Petitioners' position is that the expiration of the period of limitations precludes issuance of a timely notice under section 6223(d)(2) and automatically invokes the remedy provision set forth in section 6223(e) under which partnership items are converted to nonpartnership items. Thus, under petitioners' theory, the expiration of the period of limitations under section 6229 automatically causes the conversion of partnership items to non-partnership items, pursuant to section 6223(e), and is one of the events described by section 6231(b). To the contrary, however, it is evident from section 6226(d), quoted above, that the expiration of the period of limitations is not one of the events described by section 6231(b) under which partnership items are converted to nonpartnership items. This is evident from the fact that the period of limitations on assessment is referred to in section 6226(d)(1)(B), whereas the events under which partnership items become nonpartnership items are referred to in section 6226(d)(1)(A).

Finally, we must say a word about the position of the other parties to this case, participating partners Wayne H. Caldwell and John P. Haddock, Jr., and intervening partner Bill R. Denny. Intervening partner Denny has joined the pleadings filed by petitioners. He has presented nothing other than the arguments advanced by petitioners, discussed above. Participating partner John P. Haddock, Jr., did not appear at the hearing and has not filed any pleadings.

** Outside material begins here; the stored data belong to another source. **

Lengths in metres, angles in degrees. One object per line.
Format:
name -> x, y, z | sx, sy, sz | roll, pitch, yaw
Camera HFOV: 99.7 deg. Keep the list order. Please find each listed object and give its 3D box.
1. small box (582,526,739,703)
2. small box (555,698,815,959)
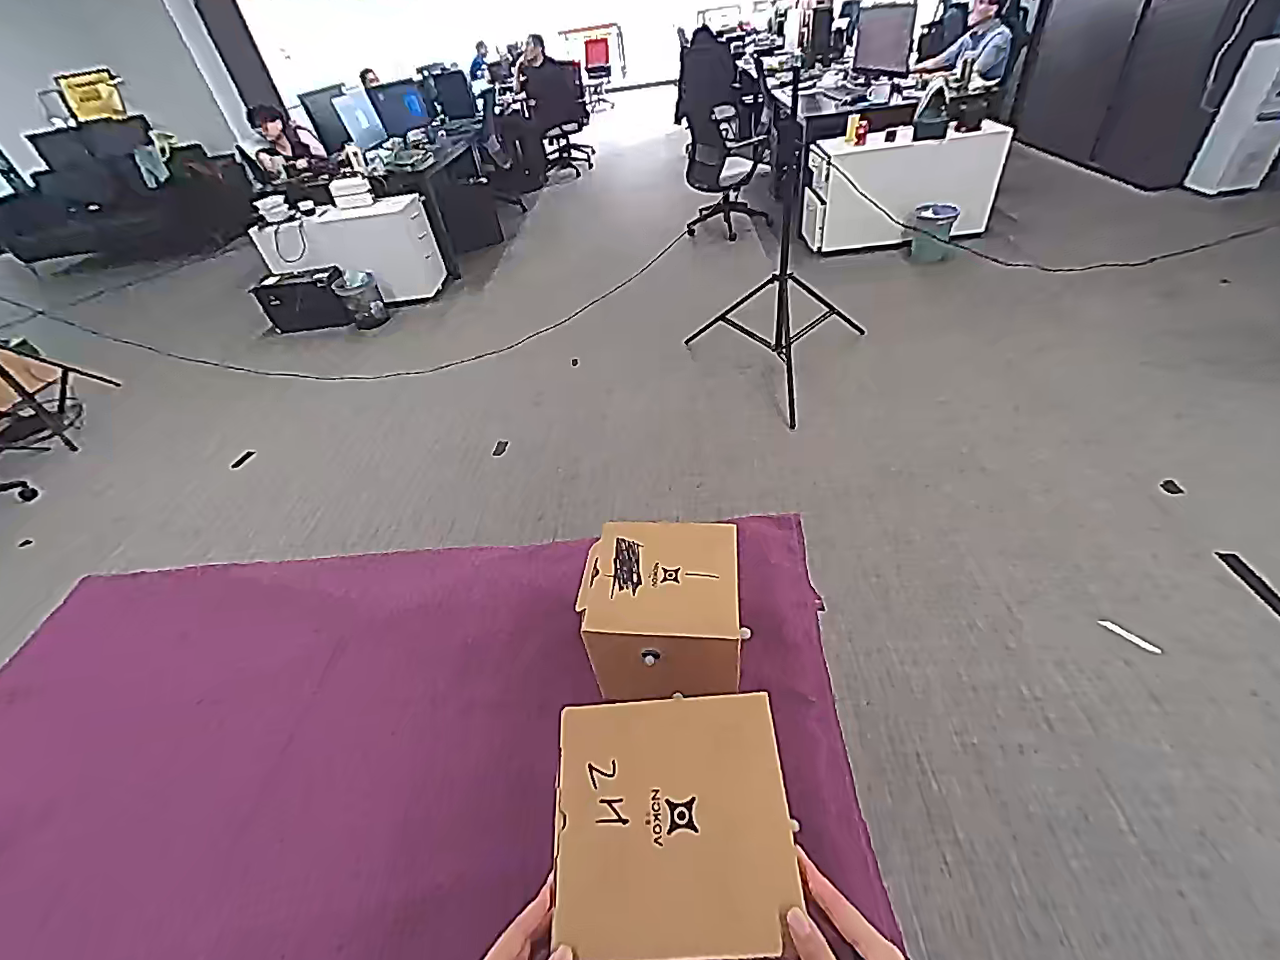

The brief filed by Mr. Caldwell adopts the arguments of petitioners, discussed above. In considering those arguments, we note that it is doubtful that the factual assertions underlying petitioners' arguments apply to Mr. Caldwell. First, it is undisputed that Mr. Caldwell signed an open-ended extension of the period of limitations on assessment on Form 872-O. Even if Mr. Caldwell was not the tax matters partner or authorized by the partnership to enter into such an agreement, as petitioners contend, the agreement on Form 872-O executed by Mr. Caldwell would seem to have the effect of extending the period of limitations in Mr. Caldwell's individual case. See sec. 6229(b)(1)(A). Mr. Caldwell does not address this issue. Second, it is undisputed that the notice of FPAA was sent to Mr. Caldwell and was received by him before the expiration of the period of limitations, as extended by the agreement on Form 872-O.

In order to bolster his argument that the period of limitations had expired, Mr. Caldwell argues that the agreement to extend the period of limitations on Form 872-O was not valid because the Appeals officer who signed the agreement on behalf of respondent, Mr. Norstrud, did not have authority to do so. We need not resolve this issue. As discussed above, it is unnecessary to find whether the period of limitations had actually expired before the notice of FPAA was mailed to notice partners. This is because we reject petitioners' contention that the period of limitations on assessment is incorporated within the period for mailing the notice of FPAA to notice partners, prescribed by section 6223(d)(2).

For reasons discussed above,

An order and order of dismissal will be entered granting respondent's motion to dismiss for lack of jurisdiction and denying petitioners' cross-motion.